Categorical Variation Specification

To facilitate search of biomolecular variation, contemporary biomolecular knowledgebases routinely “flatten” variation concepts to a specific context that facilitates computable matching to assayed variation, and typically provide related contexts to help characterize the intended biological concept. For example, the variant “BRAF V600E” at the CIViC resource describes a protein change, but is flattened to a representative genomic change (GRCh37 chr7:g.140453136A>T) and contextualized with corresponding transcript (NM_004333.4:c.1799T>A) and protein (NP_004324.2:p.Val600Glu) descriptions. The representative change is linked to its ClinGen Allele Registry identifier (CAID; CA123643) to facilitate CAID matching from ClinGen resources.

However, CA123643 is likewise a collection of variation contexts, including many contexts that would typically not be considered equivalent to BRAF V600E: ENST00000497784.1:n.1834T>A, ENST00000647434.1:n.738-3918T>A, and ENST00000642228.1:c.*877T>A, for example, are all associated contexts with CA123643 but none result in an altered protein product. Similarly, CA16602531 can also serve as a linked representative genomic change (through NC_000007.14:g.140753335_140753336delinsTT), but again this concept contains several contexts describing the role of the variant that are not applicable to the V600E protein variation.

In addition, more complex cases of variation also exist, where the closest approximation of a variation amounts to a simple genomic range. Examples of these types of variation include: BRAF V600 mutations, TP53 truncating mutations, EGFR exon 19 deletions. The concepts associated with these variation (any protein mutation at a codon, any truncating mutation in a gene, and any in-frame deletion in an exon) are not clearly definable using a variation description framework such as VRS or HGVS.

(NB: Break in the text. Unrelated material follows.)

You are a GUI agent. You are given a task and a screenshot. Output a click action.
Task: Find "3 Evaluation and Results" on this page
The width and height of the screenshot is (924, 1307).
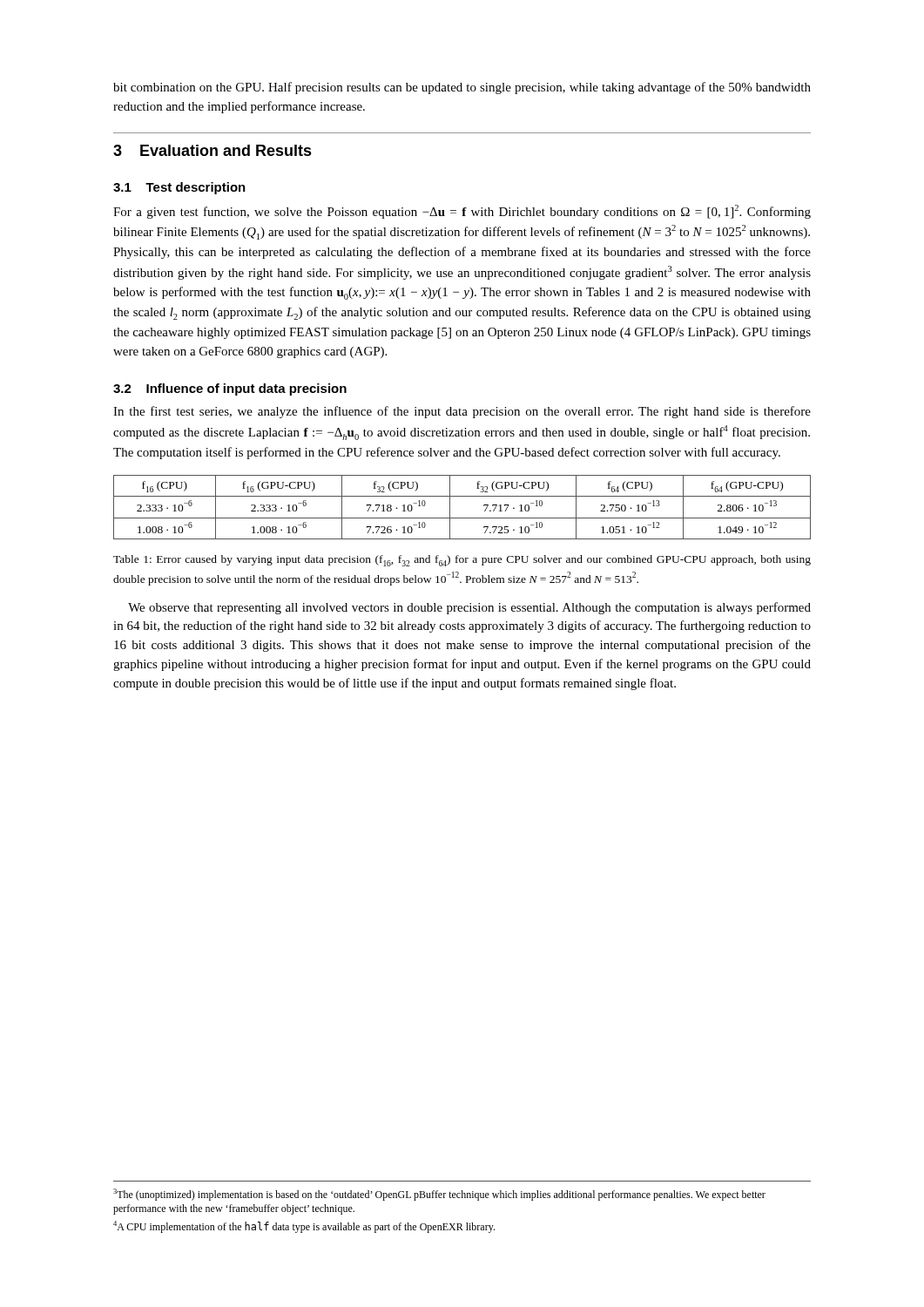[213, 150]

To address these shortfalls, we introduce the Categorical Variation Specification. Categorical Variation captures the semantics that are missing or implied in genomic knowledge resources, providing a framework for expressing how genomic knowledge may match to assayed variation. Much like the VRS objects used in this specification, Categorical Variation classes are designed to instantiate value objects that are readily usable by genomic knowledge search engines. Also see the Categorical Variation Descriptor class for describing Categorical Variation under a consistent paradigm with the Value Object Descriptor class.

Categorical Variation

Computational Definition

A representation of a categorically-defined functional domain for variation, in which individual variation instances may be members.

Information Model

Field

Type

Limits

Description

_id

string

0..1

Categorical Variation Id. MUST be unique within document.

type

string

1..1

MUST be Categorical Variation class name.

Canonical Variation

Computational Definition

A categorical variation domain characterized by a representative Variation context to which members lift-over, project, translate, or otherwise directly align.

Information Model

Some CanonicalVariation attributes are inherited from Categorical Variation.

Field

Type

Limits

Description

_id

string

0..1

Categorical Variation Id. MUST be unique within document.

type

string

1..1

MUST be “CanonicalVariation”.

variation

Variation

1..1

The VRS Variation object to which congruency must be determined.

Complex Variation

Computational Definition

A categorical variation domain jointly characterized by two or more other categorical variation domains.

Information Model

Some ComplexVariation attributes are inherited from Categorical Variation.

Field

Type

Limits

Description

_id

string

0..1

Categorical Variation Id. MUST be unique within document.

type

string

1..1

MUST be “ComplexVariation”.

operands

Categorical Variation

2..m

The Categorical Variation objects that are being evaluated collectively.

operator

string

1..1

The logical operation applied to evaluating the object operands. MUST be “AND” or “OR”.